Он согласно кивнул, но она этого не видела. То, что она на него не смотрела, беспокоило его больше, чем ее слова. Правда, он и сам не мог заставить себя заговорить – просто не знал, что сказать.
– Тебе пришлось очень много бороться, Гарри, я имею в виду, в твоей жизни. Ты ведь коп. Но несмотря на весь этот груз, у тебя есть и очень хорошие стороны. – Она посмотрела на него: – Я люблю тебя, Гарри. И попытаюсь сохранить это чувство, потому что оно – лучшее, что есть в моей жизни. Лучшее из всего, что я знаю. Я понимаю, будет трудно, и все-таки судьба может повернуться к лучшему. Кто знает?
– Кто знает? – подойдя к ней, эхом повторил он.

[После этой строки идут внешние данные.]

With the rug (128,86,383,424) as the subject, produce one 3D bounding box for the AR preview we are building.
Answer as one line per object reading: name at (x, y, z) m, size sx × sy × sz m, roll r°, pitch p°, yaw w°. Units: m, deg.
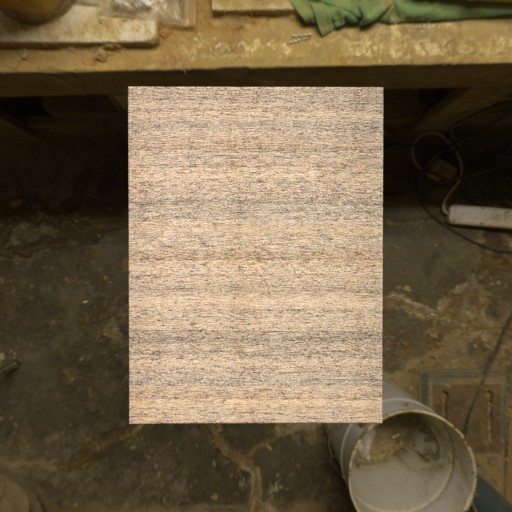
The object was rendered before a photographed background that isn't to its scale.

Они долго стояли обнявшись. Прижавшись к ней лицом, он вдыхал аромат ее волос и кожи, обнимая за шею так, словно это была хрупкая фарфоровая ваза.
Через некоторое время они разомкнули объятия, но лишь для того, чтобы вместе забраться в шезлонг. Они долго сидели молча – пока небо над горами Сан-Габриэль не стало окрашиваться в багровые тона. Босх знал, что может пока хранить при себе свои тайны, на какое-то время избежав пустоты одиночества.
– Ты не хочешь куда-нибудь уехать на выходные? – спросил он. – Убраться из этого города? Мы можем поехать в «Одинокую сосну» – переночевать там завтра в домике.
– Это было бы замечательно. Думаю, я могу… мы могли бы туда поехать.
Она опять замолчала.
– Но ведь свободного домика может и не оказаться, Гарри, – через несколько минут сказала она. – Их так мало, и обычно уже в пятницу все разбирают.
– А я один уже зарезервировал.
Повернувшись к нему, она лукаво улыбнулась:
– А, так ты все знал с самого начала! Ты просто ждал, когда я вернусь. Никаких бессонных ночей, никаких сюрпризов.
Не улыбаясь, он покачал головой и несколько мгновений молча смотрел на меркнущий свет, отражающийся на западном отроге массива Сан-Габриэль.
– Я не знал, Сильвия, – сказал наконец Босх. – Я надеялся.